Мазини запел. После нескольких слабоватых нот чудесный голос его полился легко и свободно, достигая самых отдаленных уголков зала. Мазини кончил. Тот же человек во фраке одел его, замотал шею шарфом и усадил на сцене в кресло в ожидании следующего номера. Зрители неистовствовали, требуя «биса», но «божество» не шевелилось, и публика начала успокаиваться.
Наступила минутная тишина. И вдруг откуда-то сверху прозвучал негромкий, но необыкновенно певучий тенор: «Мазинии-и! Браво-о-о!»
В зрительном зале встрепенулись. Сам Мазини удивленно поднял голову и глянул туда, откуда раздавалось «браво-о!» Ухо прославленного певца что-то уловило…

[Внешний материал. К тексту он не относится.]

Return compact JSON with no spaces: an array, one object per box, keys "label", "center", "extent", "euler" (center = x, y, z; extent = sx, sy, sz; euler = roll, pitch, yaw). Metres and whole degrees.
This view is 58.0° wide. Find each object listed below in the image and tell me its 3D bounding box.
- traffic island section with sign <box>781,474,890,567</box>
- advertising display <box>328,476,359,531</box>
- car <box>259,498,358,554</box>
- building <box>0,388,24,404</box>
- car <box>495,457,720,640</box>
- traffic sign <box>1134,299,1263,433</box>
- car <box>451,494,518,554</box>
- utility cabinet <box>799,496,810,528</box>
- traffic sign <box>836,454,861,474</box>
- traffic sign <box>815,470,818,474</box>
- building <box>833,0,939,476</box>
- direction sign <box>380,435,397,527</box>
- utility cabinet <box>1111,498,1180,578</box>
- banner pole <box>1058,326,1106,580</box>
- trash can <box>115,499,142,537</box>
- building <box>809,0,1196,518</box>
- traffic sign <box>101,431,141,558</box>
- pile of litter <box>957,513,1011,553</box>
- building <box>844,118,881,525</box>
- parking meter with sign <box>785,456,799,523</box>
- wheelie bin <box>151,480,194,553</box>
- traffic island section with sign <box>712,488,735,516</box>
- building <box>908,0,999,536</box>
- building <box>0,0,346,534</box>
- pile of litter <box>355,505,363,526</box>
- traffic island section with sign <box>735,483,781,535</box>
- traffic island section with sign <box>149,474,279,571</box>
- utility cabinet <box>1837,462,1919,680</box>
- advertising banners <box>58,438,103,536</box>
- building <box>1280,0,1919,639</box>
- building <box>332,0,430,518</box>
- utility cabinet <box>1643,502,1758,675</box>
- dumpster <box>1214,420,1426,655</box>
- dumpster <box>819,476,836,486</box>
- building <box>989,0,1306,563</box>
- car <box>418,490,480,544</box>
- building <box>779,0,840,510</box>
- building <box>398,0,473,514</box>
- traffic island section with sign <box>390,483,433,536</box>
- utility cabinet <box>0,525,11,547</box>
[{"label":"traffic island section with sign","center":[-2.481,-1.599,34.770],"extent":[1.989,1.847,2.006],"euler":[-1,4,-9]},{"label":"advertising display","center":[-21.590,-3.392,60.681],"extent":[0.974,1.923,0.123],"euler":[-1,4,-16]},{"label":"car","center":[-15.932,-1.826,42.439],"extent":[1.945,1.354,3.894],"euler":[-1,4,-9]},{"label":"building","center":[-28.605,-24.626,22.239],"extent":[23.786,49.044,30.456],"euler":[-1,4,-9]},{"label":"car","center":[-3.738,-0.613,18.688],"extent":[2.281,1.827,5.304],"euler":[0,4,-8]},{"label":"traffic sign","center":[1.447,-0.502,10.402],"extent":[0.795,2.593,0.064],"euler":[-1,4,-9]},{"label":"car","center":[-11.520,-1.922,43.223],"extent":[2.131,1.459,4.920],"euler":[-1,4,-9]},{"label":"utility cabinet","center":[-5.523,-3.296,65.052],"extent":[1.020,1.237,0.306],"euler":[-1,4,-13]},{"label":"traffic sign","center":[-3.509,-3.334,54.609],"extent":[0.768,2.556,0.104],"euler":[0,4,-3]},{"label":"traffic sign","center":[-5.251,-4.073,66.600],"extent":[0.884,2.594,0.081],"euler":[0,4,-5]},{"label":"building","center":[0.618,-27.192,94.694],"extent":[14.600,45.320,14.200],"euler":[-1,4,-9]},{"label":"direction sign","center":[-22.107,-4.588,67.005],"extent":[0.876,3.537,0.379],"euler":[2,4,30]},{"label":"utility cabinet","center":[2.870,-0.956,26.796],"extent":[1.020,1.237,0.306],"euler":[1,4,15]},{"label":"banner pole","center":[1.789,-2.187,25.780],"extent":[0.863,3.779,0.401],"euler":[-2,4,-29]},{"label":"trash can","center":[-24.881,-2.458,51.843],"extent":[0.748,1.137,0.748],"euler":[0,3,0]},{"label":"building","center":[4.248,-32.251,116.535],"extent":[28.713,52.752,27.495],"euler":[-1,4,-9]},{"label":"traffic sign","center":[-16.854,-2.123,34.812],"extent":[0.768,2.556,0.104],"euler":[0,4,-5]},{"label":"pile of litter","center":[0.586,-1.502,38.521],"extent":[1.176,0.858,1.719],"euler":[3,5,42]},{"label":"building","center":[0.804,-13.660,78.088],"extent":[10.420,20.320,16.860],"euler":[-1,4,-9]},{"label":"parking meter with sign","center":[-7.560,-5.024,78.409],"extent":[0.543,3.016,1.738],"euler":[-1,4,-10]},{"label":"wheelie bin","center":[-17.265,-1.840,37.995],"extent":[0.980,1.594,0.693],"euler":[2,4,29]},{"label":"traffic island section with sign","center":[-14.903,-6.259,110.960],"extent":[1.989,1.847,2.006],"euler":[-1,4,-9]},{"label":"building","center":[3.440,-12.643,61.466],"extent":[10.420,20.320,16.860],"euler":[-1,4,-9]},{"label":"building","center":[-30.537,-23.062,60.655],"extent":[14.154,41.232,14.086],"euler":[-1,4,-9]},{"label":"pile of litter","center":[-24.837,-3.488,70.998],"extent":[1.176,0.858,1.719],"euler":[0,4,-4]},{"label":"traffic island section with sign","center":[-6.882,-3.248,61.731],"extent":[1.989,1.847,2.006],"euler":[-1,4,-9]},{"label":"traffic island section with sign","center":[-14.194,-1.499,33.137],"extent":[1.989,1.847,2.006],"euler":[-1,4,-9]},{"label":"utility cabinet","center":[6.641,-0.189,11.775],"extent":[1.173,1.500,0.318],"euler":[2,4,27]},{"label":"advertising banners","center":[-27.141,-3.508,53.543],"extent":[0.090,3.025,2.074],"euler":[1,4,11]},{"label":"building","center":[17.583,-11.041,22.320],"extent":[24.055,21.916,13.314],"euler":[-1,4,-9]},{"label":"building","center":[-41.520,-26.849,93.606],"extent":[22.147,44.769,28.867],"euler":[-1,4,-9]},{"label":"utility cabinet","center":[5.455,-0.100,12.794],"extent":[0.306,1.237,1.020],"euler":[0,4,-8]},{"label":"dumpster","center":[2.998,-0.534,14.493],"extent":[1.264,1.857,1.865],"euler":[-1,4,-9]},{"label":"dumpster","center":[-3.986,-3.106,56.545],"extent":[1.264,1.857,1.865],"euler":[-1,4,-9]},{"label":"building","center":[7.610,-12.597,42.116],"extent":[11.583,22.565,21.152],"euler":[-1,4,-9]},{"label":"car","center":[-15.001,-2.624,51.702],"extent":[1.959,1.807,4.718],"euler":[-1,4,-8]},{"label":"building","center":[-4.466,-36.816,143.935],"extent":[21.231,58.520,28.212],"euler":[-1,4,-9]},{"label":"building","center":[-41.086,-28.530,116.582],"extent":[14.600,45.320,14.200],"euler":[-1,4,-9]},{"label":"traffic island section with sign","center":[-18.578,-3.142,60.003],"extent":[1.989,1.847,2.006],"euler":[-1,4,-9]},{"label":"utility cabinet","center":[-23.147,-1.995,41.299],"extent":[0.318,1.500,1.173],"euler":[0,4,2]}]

Студент Катрановский (со слов которого рассказан этот эпизод) узнал голос своего однокурсника — юриста Собинова.
Юношу Собинова неодолимо влекло туда, где пели.
Выручало-Собинова только то, что в ансамбле, как ему казалось, его слабый голос почти не был слышен. Зимой 1891 года в Москву приехала труппа украинских актеров, ставившая драмы и оперетты. Во главе группы стояла замечательная украинская артистка Заньковецкая. Приятели Леонида — украинцы уговорили поступить в хор и Собинова. Так неожиданно будущий артист близко соприкоснулся с театром. Но это было больше, чем просто заработок на жизнь и знакомство с театром.
В труппе Заньковецкой Собинов впервые почувствовал себя артистом и' вдохнул запах кулис. Украинская труппа ставила пьесы украинских драматургов, а также национальные комические оперы: «Запорожец за Дунаем», «Наталка-Полтавка», «Сватанье на Гончаривци». Мелодичная, душевная, яркая украинская музыка, мягкий и благозвучный язык крепко полюбились Собинову. Впоследствии он даже изучил в совершенстве украинский язык и находил его одним из самых музыкальных.
Юный хорист рад был проводить в театре дни и ночи. Но наступила весна, а с ней пришли и экзамены. Собинов засел за учебники.
«Теперь в голове стройными, а может быть, и не совсем стройными рядами расположилось Римское право, как в былые времена латинская грамматика, — комически описывал он свою подготовку к экзаменам Марусе Большаковой. — Скорчившаяся над столом фигура с стриженной наголо головой сидит и пристально смотрит в разложенный перед ней манускрипт. По временам странная фигура бормочет что-то про себя… вдруг фигура вскакивает, выкидывает какое-ни-будь антраша перед зеркалом и начинает ходить по комнате, прищурив глаза и делая какие-то выкладки на пальцах. Это я подвожу итоги выученному. Прибавить сюда еще, что иногда манускрипт отодвигается в сторону и фигура во все горло завывает: «Поймешь ли ты души моей волненье!» — и вот полная картина, как я читаю лекции. Послезавтра экзамен: душа уходит в пятки, а там еще большее мученье…»
«Сейчас только с экзамена. Получил пять!» — пишет он в другом письме
В общем у Собинова сложилось впечатление, что «не так страшен черт, как его малюют», — и перед следующим экзаменом он уже не так волновался, тем более, что обстановка была деловая, без нарочитой торжественности.